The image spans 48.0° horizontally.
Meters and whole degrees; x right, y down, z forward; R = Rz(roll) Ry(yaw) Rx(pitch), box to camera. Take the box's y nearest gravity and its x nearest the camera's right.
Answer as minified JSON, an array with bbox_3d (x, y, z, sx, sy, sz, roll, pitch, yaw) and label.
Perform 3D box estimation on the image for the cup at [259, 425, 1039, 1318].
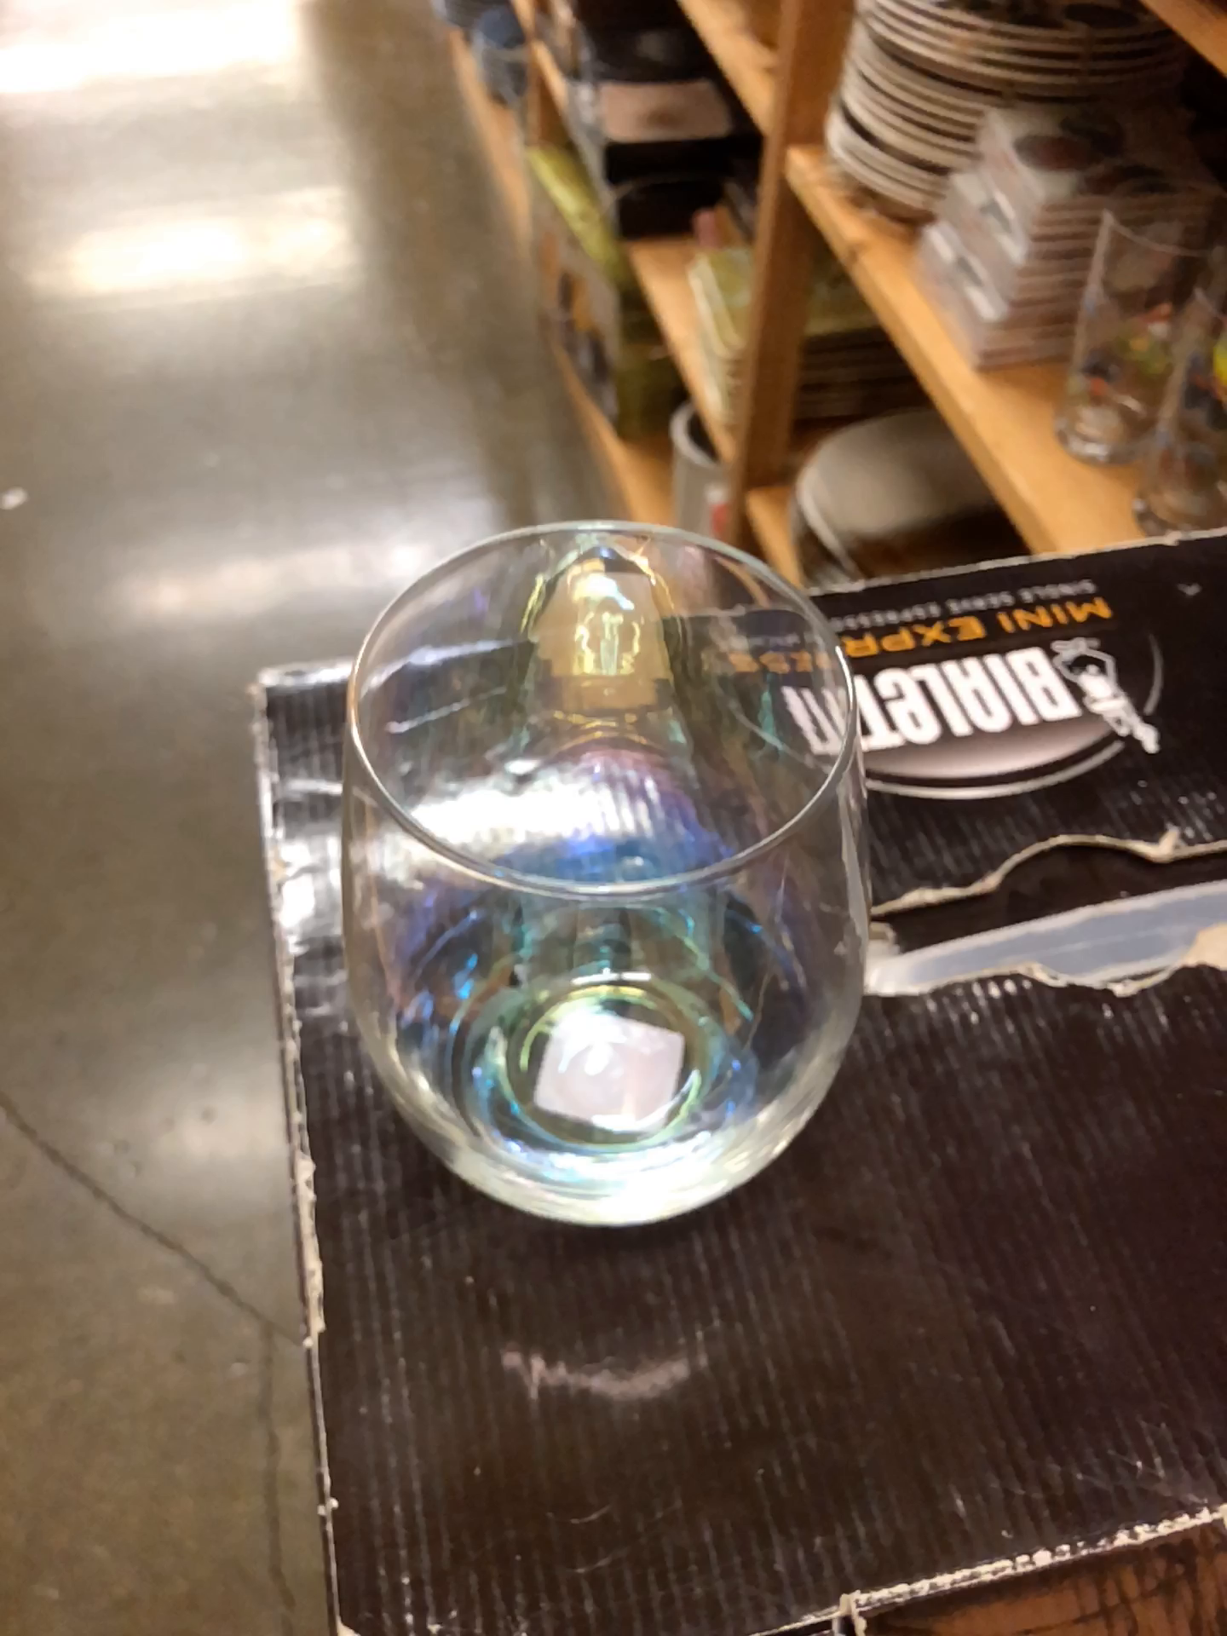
[{"bbox_3d":[-0.002,0.012,0.236,0.089,0.107,0.093,0,52,0],"label":"cup"}]

- - -

#### [Exercise aim]
Can you repeat every record above exactly, apart from the pictures?

#### [Task answer]
The image spans 48.0° horizontally.
Meters and whole degrees; x right, y down, z forward; R = Rz(roll) Ry(yaw) Rx(pitch), box to camera. Take the box's y nearest gravity and its x nearest the camera's right.
Answer as minified JSON, an array with bbox_3d (x, y, z, sx, sy, sz, roll, pitch, yaw) and label.
Perform 3D box estimation on the image for the cup at [259, 425, 1039, 1318].
[{"bbox_3d":[-0.002,0.012,0.236,0.089,0.107,0.093,0,52,0],"label":"cup"}]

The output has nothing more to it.